Task requirements. In the data below, find the line that contains "Answer: Root notes" and the line that contains "Answer: Jazz fusion". Copy both, plus every line between them, exactly.

Source records.
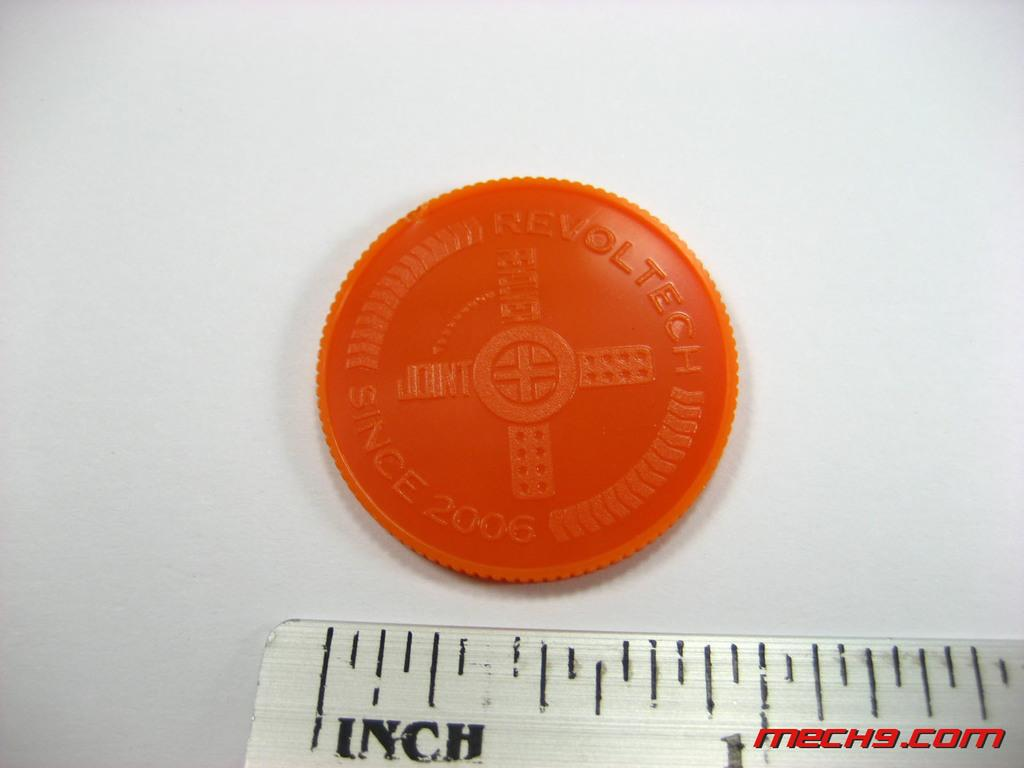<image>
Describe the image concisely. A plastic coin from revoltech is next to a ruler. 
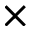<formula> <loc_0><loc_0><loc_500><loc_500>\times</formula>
* * *
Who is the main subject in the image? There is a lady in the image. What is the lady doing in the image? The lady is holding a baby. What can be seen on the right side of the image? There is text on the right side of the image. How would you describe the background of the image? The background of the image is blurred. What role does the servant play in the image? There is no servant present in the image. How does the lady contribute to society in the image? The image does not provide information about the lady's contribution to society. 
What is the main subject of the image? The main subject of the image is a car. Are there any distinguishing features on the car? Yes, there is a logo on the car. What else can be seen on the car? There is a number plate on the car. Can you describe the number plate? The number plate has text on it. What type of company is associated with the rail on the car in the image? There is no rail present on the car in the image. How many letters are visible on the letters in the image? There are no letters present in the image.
---
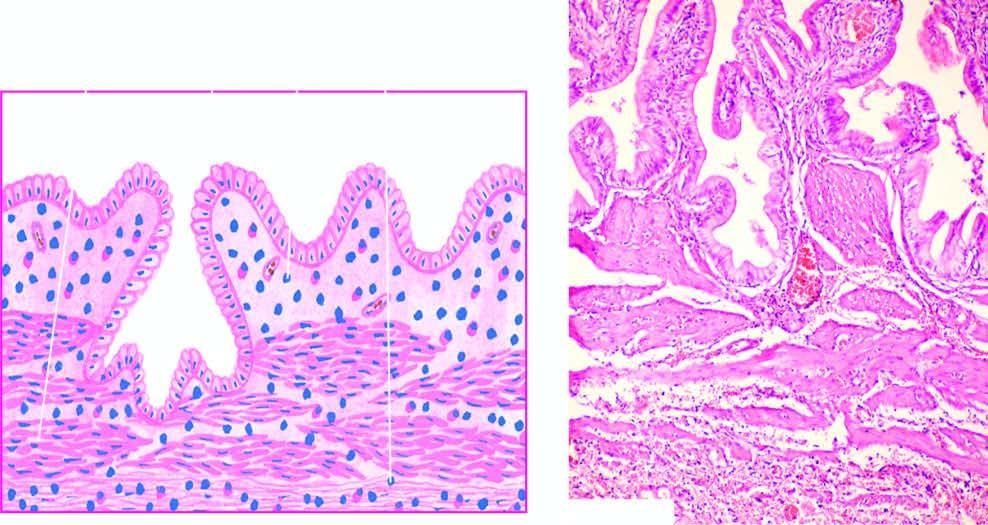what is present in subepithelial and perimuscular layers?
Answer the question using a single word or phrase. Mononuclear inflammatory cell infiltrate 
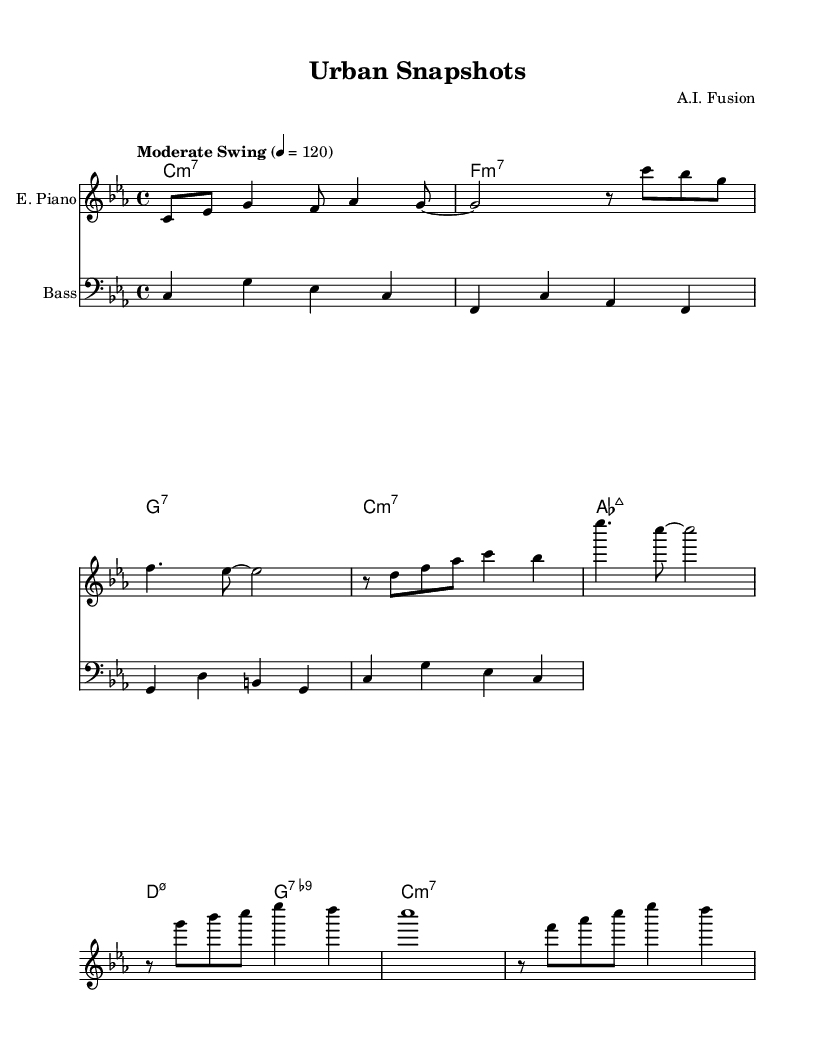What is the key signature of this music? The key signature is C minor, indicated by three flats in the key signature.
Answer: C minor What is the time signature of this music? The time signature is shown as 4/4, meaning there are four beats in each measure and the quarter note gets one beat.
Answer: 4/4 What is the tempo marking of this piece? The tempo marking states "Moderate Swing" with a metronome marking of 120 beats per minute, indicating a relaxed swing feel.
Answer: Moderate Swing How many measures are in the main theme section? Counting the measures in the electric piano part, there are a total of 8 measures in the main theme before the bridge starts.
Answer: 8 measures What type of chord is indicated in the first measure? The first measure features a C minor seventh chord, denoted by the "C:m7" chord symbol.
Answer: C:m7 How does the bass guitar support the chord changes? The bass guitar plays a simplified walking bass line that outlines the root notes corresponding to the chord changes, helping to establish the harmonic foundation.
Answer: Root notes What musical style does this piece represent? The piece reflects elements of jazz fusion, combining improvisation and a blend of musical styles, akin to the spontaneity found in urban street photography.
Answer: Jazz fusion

Solution for this problem.
Answer: Root notes What musical style does this piece represent? The piece reflects elements of jazz fusion, combining improvisation and a blend of musical styles, akin to the spontaneity found in urban street photography.
Answer: Jazz fusion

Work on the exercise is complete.